Day 1: (148 lbs) I overate a little and only did half of my cardio video, but I did a lot of other things. Overall, a so-so day.
Day 2: I did good today! Didn't overeat, but didn't do my cardio video, though I did have ballet. Overall a good day!
Day 3: I'm proud today- ate well, did workout. I'm pretty bloaty and crampy from "Auntie Flo" though. Gah, I hate codewords. I GOT MY PERIOD!!!! I GOT MY MENSTRUAL CYCLE TODAYYY~!!! And it HURTS.
Day 4: Didn't really excercise. Felt dizzy and my eyes were burning all day. Ate okay. A "3 out of 10" day.
Day 5: Ate well, no excercise again. Ugh. Still sick.
Day 6: Took a nice brisk walk and I think I ate well. Good day.
Day 7: Damn it. I weigh 147 lbs, but I weighed around 146 for a few days and then today I had a little ice cream binge and even though I excercised, I managed to screw everything up. Oh well-- at least I lost a pound! That's something, right? But I'm just diappointed in myself for not excercising more.

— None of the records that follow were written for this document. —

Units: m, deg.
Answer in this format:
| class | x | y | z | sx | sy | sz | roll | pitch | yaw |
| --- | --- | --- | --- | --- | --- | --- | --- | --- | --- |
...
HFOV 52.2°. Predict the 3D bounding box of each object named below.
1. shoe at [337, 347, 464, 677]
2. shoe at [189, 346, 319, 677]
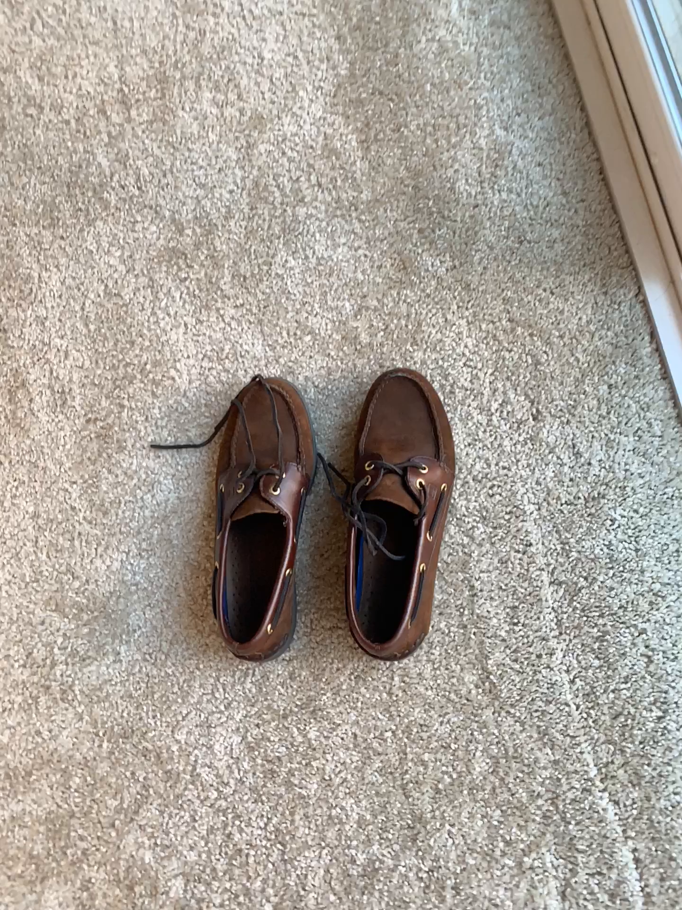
| class | x | y | z | sx | sy | sz | roll | pitch | yaw |
| --- | --- | --- | --- | --- | --- | --- | --- | --- | --- |
| shoe | 0.060 | 0.056 | 0.687 | 0.110 | 0.100 | 0.300 | -1 | 78 | 9 |
| shoe | -0.084 | 0.058 | 0.726 | 0.100 | 0.100 | 0.320 | -1 | 78 | 9 |

Day 8: Went to the beach. Didn't eat healthy really, but I didnt eat a lot. Im sunburned, haha.
Day 9: Ate fine, went to ballet by no other excercise =( Damnit. I was so sleepy today.
Day 10: Didn't eat much today but it wasn't really healthy at all. I overslept again. No excercise. Though I did clean my room really well and I feel so much more at peace now. I think it's getting too hot to excercise, haha.
Day 11: Same as usual... no excercise, ate okay.
Day 12: Same as usual again! I want to just lose =(
Day 13: Not much to say except my scale is mocking me. Next week, I want to do so much better,....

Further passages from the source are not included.